Substituting Expression (3) into Expression (5) yields Expression (6) representing the corrected luminances Rcomp, Gcomp, and Bcomp of the first LEDs 1a in RGB colors. As given by Expression (6), the corrected luminances Rcomp, Gcomp, and Bcomp of the first LEDs 1a in RGB colors become equal to the initial luminances R0, G0, and B0 of the first LEDs 1a in RGB colors.

$\begin{array}{cc}\begin{array}{c}\mathrm{Rcomp}=R0\\ \mathrm{Gcomp}=G0\\ \mathrm{Bcomp}=B0\end{array}\}& \left(6\right)\end{array}$

<Conclusion of Second Preferred Embodiment>

Although the initial luminances are low, the second preferred embodiment has an advantage in the constant luminances before and after the correction. The luminances of the first LEDs 1a can be corrected by changing the duty ratio of the pulse width as in the first preferred embodiment. As described above, the luminances of the first LEDs 1a that have undergone the luminance decrease are corrected to be equal to the initial luminance, so that the luminances of all of the first LEDs 1a can be adjusted to be equal to the initial luminance. Even if the luminances of the first LEDs 1a decrease over time, the luminance of the first LED display 1 can be kept constant.

The above-mentioned control for keeping the luminances constant may be applied to the configuration capable of providing a multiscreen display through the use of a plurality of LED panels such that the luminances of the individual LED panels can be kept constant. The luminance of the multiscreen as a whole can be kept constant as in the above description accordingly.

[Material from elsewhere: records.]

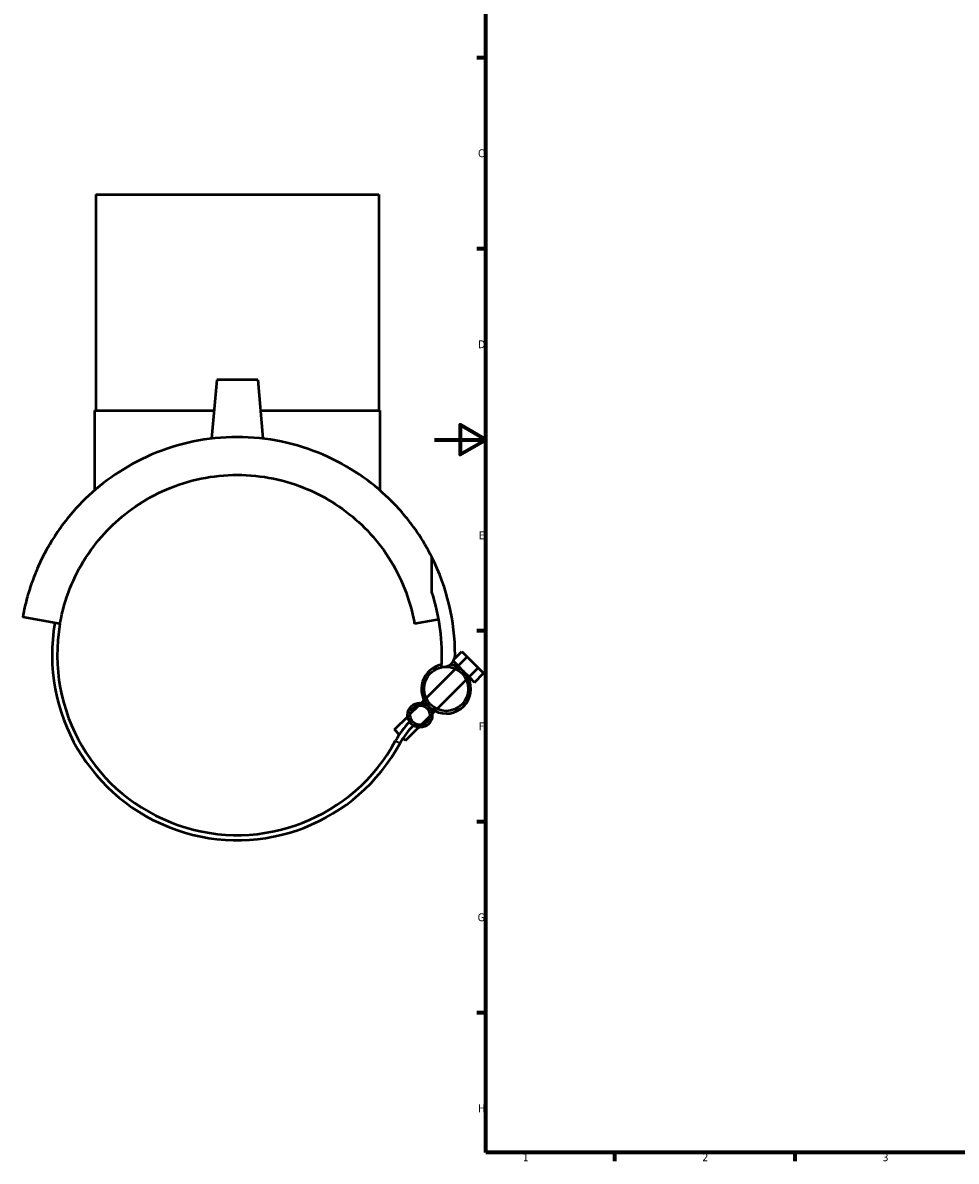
# Model space of a CAD drawing. Header units: millimetres. Extents: x -160 to 1307, y -278 to 850.
# Tile 2 of 6: x -160 to 203, y 17 to 459. Entities that reach past the tile are written whole.
import ezdxf

# ---------------------------------------------------------------- set-up
doc = ezdxf.new("R2010")
doc.units = ezdxf.units.MM
for name, color, linetype, lineweight in [('Border (ANSI)', 7, 'Continuous', 70), ('Visible (ANSI)', 7, 'Continuous', 50), ('Visible Narrow (ANSI)', 7, 'Continuous', 35)]:
    doc.layers.add(name, color=color, linetype=linetype, lineweight=lineweight)
doc.styles.add('Note Text (ANSI)', font='tahoma.ttf')

# ---------------------------------------------------------------- blocks, each defined once
blk = doc.blocks.new('Borders Default Border')
at = {"layer": 'Border (ANSI)'}
for p, q in [((20, 445.5), (16.55, 445.5)), ((20, 371.25), (16.55, 371.25)), ((20, 222.75), (16.55, 222.75)), ((20, 148.5), (16.55, 148.5)), ((20, 74.25), (16.55, 74.25)), ((70.08, 20), (70.08, 16.55)), ((140.17, 20), (140.17, 16.55))]:
    blk.add_line(p, q, dxfattribs=at)
at = {"layer": 'Border (ANSI)', "flags": 128}
for points in [[(20, 20), (20, 574), (821, 574), (821, 20), (20, 20)], [(0, 297), (20, 297), (10, 302.77), (10, 291.23), (20, 297)]]:
    blk.add_lwpolyline(points, dxfattribs=at)
at = {"layer": 'Border (ANSI)', "char_height": 3.05, "attachment_point": 7, "style": 'Note Text (ANSI)'}
for s, insert in [('C', (16.95, 406.8)), ('D', (16.96, 332.6)), ('E', (17.21, 258.35)), ('F', (17.29, 184.1)), ('G', (16.81, 109.79)), ('H', (16.97, 35.6)), ('1', (34.35, 16.55)), ('2', (104.2, 16.55)), ('3', (174.26, 16.49))]:
    blk.add_mtext(s, dxfattribs=dict(at, insert=insert))

msp = doc.modelspace()

# ---------------------------------------------------------------- linework, layer by layer
at = {"layer": 'Visible (ANSI)'}
for p, q in [((-131.679, 392.333), (-21.679, 392.333)), ((-131.679, 392.333), (-131.679, 308.333)), ((-21.679, 392.333), (-21.679, 308.333)), ((-84.679, 320.283), (-86.678, 297.441)), ((-68.679, 320.283), (-84.679, 320.283)), ((-68.679, 320.283), (-66.681, 297.441)), ((-132.179, 308.333), (-85.725, 308.333)), ((-132.179, 308.333), (-132.179, 277.316)), ((-67.634, 308.333), (-21.179, 308.333)), ((-21.179, 308.333), (-21.179, 277.316)), ((-0.971, 237.77), (-0.971, 251.31)), ((-145.616, 225.488), (-160.093, 228.041)), ((1.667, 227.147), (-7.743, 225.488)), ((7.778, 211.855), (10.642, 214.718)), ((9.227, 209.061), (12.763, 212.597)), ((10.642, 214.718), (12.763, 212.597)), ((12.763, 212.597), (17.005, 208.354)), ((9.227, 209.061), (7.352, 210.936)), ((8.887, 208.721), (9.227, 209.061)), ((11.349, 206.94), (9.227, 209.061)), ((13.47, 204.818), (17.005, 208.354)), ((17.005, 208.354), (19.127, 206.233)), ((-3.26, 196.574), (8.138, 207.972)), ((0.983, 192.331), (12.381, 203.729)), ((13.47, 204.818), (11.349, 206.94)), ((13.13, 204.478), (13.47, 204.818)), ((15.591, 202.697), (13.47, 204.818)), ((15.591, 202.697), (19.127, 206.233)), ((-5.094, 194.74), (-4.009, 195.825)), ((-9.393, 190.441), (-6.094, 193.74)), ((-0.851, 190.497), (0.233, 191.582)), ((-15.521, 184.312), (-10.393, 189.441)), ((-5.15, 186.199), (-1.851, 189.497)), ((-13.658, 182.449), (-15.521, 184.312)), ((-11.279, 180.07), (-6.15, 185.198)), ((-11.279, 180.07), (-12.213, 181.004))]:
    msp.add_line(p, q, dxfattribs=at)
for centre, radius in [((4.56, 200.151), 8.6), ((-5.622, 189.969), 4.8), ((-5.622, 189.969), 3.8)]:
    msp.add_circle(centre, radius, dxfattribs=at)
for centre, radius, start, end in [((-76.679, 213.333), 84.7, 0, 26.63918), ((-76.679, 213.333), 79.555, 356.6934, 17.8887), ((-76.679, 213.333), 72, 170, 331.59625), ((-76.679, 213.333), 70, 170, 331.59625), ((3.387, 213.333), 4.634, 262.01292, 0), ((4.56, 200.151), 9.6, 100.64375, 225), ((4.56, 200.151), 9.6, 225, 80.43142), ((12.721, 164.986), 31.636, 135, 151.59625), ((12.721, 164.986), 29.636, 135, 151.59625)]:
    msp.add_arc(centre, radius, start, end, dxfattribs=at)
for points, knots in [([(-76.679, 298.033), (-82.411, 298.033), (-88.197, 297.442), (-99.432, 295.121), (-104.883, 293.392), (-115.086, 289.028), (-119.852, 286.39), (-128.468, 280.557), (-132.32, 277.364), (-139.8, 270.106), (-143.444, 265.738), (-149.602, 256.762), (-152.116, 252.151), (-155.069, 245.505), (-155.912, 243.35), (-157.357, 239.219), (-157.957, 237.241), (-158.697, 234.501), (-158.916, 233.631), (-159.301, 231.999), (-159.469, 231.235), (-159.753, 229.868), (-159.869, 229.265), (-160.038, 228.352), (-160.093, 228.041), (-160.093, 228.041)], [15.3942351, 15.3942351, 15.3942351, 15.3942351, 17.1137005, 17.1137005, 18.8331658, 18.8331658, 20.5526311, 20.5526311, 22.2720964, 22.2720964, 24.4011899, 24.4011899, 26.5302833, 26.5302833, 27.5948301, 27.5948301, 28.6593768, 28.6593768, 29.1916502, 29.1916502, 29.7239235, 29.7239235, 30.2561969, 30.2561969, 30.7884703, 30.7884703, 30.7884703, 30.7884703]), ([(-0.971, 251.31), (-2.626, 254.611), (-4.581, 257.962), (-9.915, 265.738), (-13.559, 270.106), (-21.039, 277.364), (-24.891, 280.557), (-33.507, 286.39), (-38.273, 289.028), (-48.476, 293.392), (-53.926, 295.121), (-65.162, 297.442), (-70.948, 298.033), (-76.679, 298.033)], [4.8276937, 4.8276937, 4.8276937, 4.8276937, 6.3872804, 6.3872804, 8.5163739, 8.5163739, 10.2358392, 10.2358392, 11.9553045, 11.9553045, 13.6747698, 13.6747698, 15.3942351, 15.3942351, 15.3942351, 15.3942351]), ([(-145.616, 225.488), (-145.494, 226.182), (-145.361, 226.872), (-144.267, 232.146), (-142.87, 236.564), (-139.291, 244.965), (-137.106, 248.951), (-132.078, 256.357), (-129.233, 259.774), (-123.251, 265.756), (-119.915, 268.566), (-112.539, 273.616), (-108.498, 275.857), (-99.925, 279.525), (-95.383, 280.954), (-86.093, 282.859), (-81.346, 283.333), (-76.679, 283.333)], [1.2436019, 1.2436019, 1.2436019, 1.2436019, 1.4622889, 1.4622889, 2.9245779, 2.9245779, 4.3868668, 4.3868668, 5.8491557, 5.8491557, 7.2491014, 7.2491014, 8.649047, 8.649047, 10.0489927, 10.0489927, 11.4489383, 11.4489383, 11.4489383, 11.4489383]), ([(-76.679, 283.333), (-72.013, 283.333), (-67.266, 282.859), (-57.976, 280.954), (-53.434, 279.525), (-44.861, 275.857), (-40.82, 273.616), (-33.444, 268.566), (-30.108, 265.756), (-24.126, 259.774), (-21.281, 256.357), (-16.253, 248.951), (-14.068, 244.965), (-10.489, 236.564), (-9.092, 232.146), (-7.998, 226.872), (-7.865, 226.182), (-7.743, 225.488)], [11.4489383, 11.4489383, 11.4489383, 11.4489383, 12.8488839, 12.8488839, 14.2488296, 14.2488296, 15.6487752, 15.6487752, 17.0487208, 17.0487208, 18.5110098, 18.5110098, 19.9732987, 19.9732987, 21.4355876, 21.4355876, 21.6542747, 21.6542747, 21.6542747, 21.6542747])]:
    msp.add_open_spline(points, degree=3, knots=knots, dxfattribs=at)
at = {"layer": 'Visible Narrow (ANSI)'}
msp.add_line((-15.095, 180.029), (-13.358, 179.09), dxfattribs=at)

# ---------------------------------------------------------------- block references
msp.add_blockref('Borders Default Border', (0, 0))

doc.saveas('drawing.dxf')

As described above, the output from the video signal processor 4 undergoes the luminance correction for the first LEDs 1a. It is only required that the duty ratio of the first drive signal for the first LEDs 1a, the drive current, or the driving of the first LED display 1 be corrected in the processing, and thus the target of the luminance correction is not limited to the output from the video signal processor 4.

Third Preferred Embodiment

FIGS. 7A and 7B are block diagrams illustrating a configuration of an LED display apparatus according to a third preferred embodiment of the present invention. The constituent components of the LED display apparatus according to the third preferred embodiment that are identical to or similar to the LED display apparatus according to the first preferred embodiment are denoted by the same reference signs. The following description will be given on the distinctive constituent components. The LED display apparatus 100 illustrated in FIG. 7A includes a plurality of second LED displays 2 (second LED displays 201, 202, 203, and 204). The hardware of the individual constituent component is similar to the hardware in FIG. 2 described in the first preferred embodiment. The plurality of second LED displays 2 are, for example, LED display panels.

The outline of the individual constituent components of the LED display apparatus 100 in FIGS. 7A and 7B will be described, and then some of the constituent components will be described in detail.

<Outline>

The plurality of second LED displays 2 perform display to measure (predict) luminance transitions of the first LED display 1. For example, the luminance transitions refer to the luminance maintenance rate representing the current luminance, with 100% indicating the initial luminance or refer to the luminance decrease rate (=100%−luminance maintenance rate) being the reverse of the luminance maintenance rate. The following description will be given assuming that the luminance transitions refer to the luminance decrease rate.

The plurality of second LED displays 2 each include a plurality of second LEDs 2a and are driven in accordance with a plurality of second drive signals (in other words, display patterns, drive patterns, and drive data) from the second driver 9 that are different from one another, so that the flashing of the individual second LEDs 2a is controlled.

The second LEDs 2a of the individual second LED display 2 have a luminance decrease rate equivalent to the luminance decrease rate of the first LEDs 1a of the first LED display 1. This means that the luminance decrease rate of the second LEDs 2a is equal to the luminance decrease rate of the first LEDs 1a or is close enough to be equated to the luminance decrease rate of the first LEDs 1a. If the first LEDs 1a and the second LEDs 2a are LEDs of the same production lot or they have the same BIN code for classifying LEDs in accordance with, for example, the luminance and the wavelength, the characteristics of the first LEDs 1a such as the luminance and the wavelength agree with the characteristics of the second LEDs 2a. Consequently, the luminance decrease rate of the first LEDs 1a and the luminance decrease rate of the second LEDs 2a become equivalent.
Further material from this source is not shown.